0

K-means computes cluster centroids differently for each distance metric. I don't know why the way of computing the centroid is dependent of the distance measure.

I don't know how we compute the centroid for manhattan distance and its difference with the computing the centroid for euclidean distance?

curiosus
  • 303
  • This question is dubious because you don't say if you mean the distance between data poinrs or the distance between a point and a centroid. Please read a related post https://stats.stackexchange.com/q/81481/3277 – ttnphns Nov 14 '21 at 19:12

2 Answers2

3

K-means does not work with arbitrary distances, and was originally only formulated with squared errors.

It is for squared Euclidean distance and Bergman divergences.

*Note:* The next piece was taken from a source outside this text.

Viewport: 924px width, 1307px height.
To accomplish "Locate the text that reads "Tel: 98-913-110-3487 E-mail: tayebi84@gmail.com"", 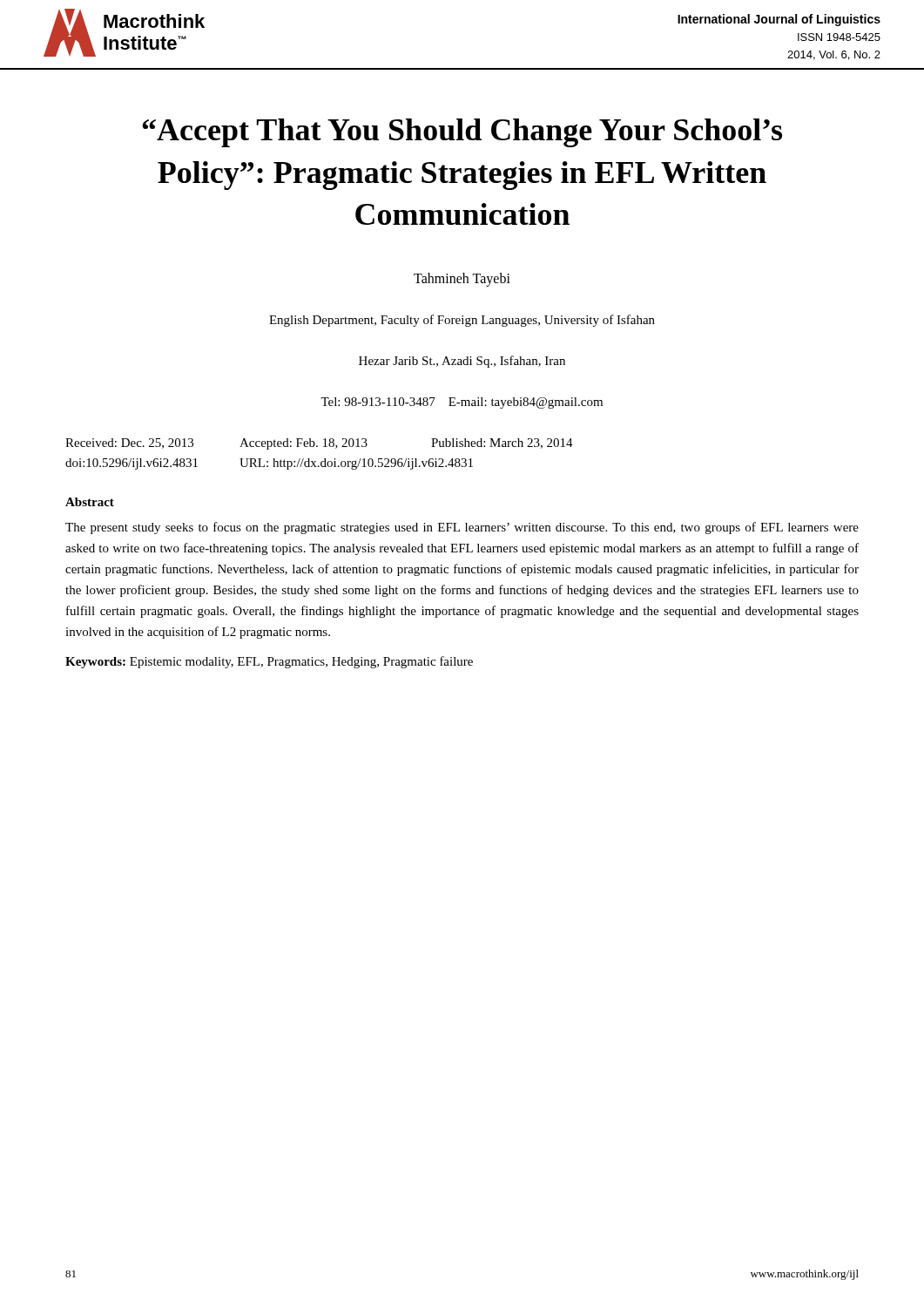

K-means does not minimize Euclidean distances! It will run, and find an okayish (not obviously wrong) solution; but not even a local optimum. So the simple answer is: don't rely on k-means for other distances. It so not something you can easily fix.

  • You have an example here http://www.ece.northwestern.edu/local-apps/matlabhelp/toolbox/stats/kmeans.html. It says that kmeans computes centroid clusters differently for the different supported distance measures and it lists the way of computation centroid or center for each distance measure. – curiosus Oct 24 '18 at 08:32
  • 1
    Well, is not kmeans but a method known as kmedians if you use the component wise median. And that doesn't just work with some of the fast algorithms for kmeans. – Has QUIT--Anony-Mousse Oct 24 '18 at 20:39
  • 1
    For Euclidean distance, you "just" need to solve the Weber problem – Has QUIT--Anony-Mousse Oct 24 '18 at 20:40
  • Can you explain more in details the relation between weber problem and k-means and in what that answers the question about why the way of center computation is dependent to the distance measure? – curiosus Oct 24 '18 at 20:47
  • 1
    The Weber problem is the difficult problem of finding the most central point for Euclidean distance. That would be what you would need to use instead of the mean if you want to minimize Euclidean distances, essentially a k-weberpoint clustering. – Has QUIT--Anony-Mousse Oct 25 '18 at 01:18
0

@curiosus you are right, according to the definition of Kmeans for the Euclidean distance, the centroid whose coordinates are the average of the coordinates of the points of a cluster are simply a local minimum of the inertia, that is the value for which the derivatives of inertia with respect to the centroid are zero. The global minimum is another story.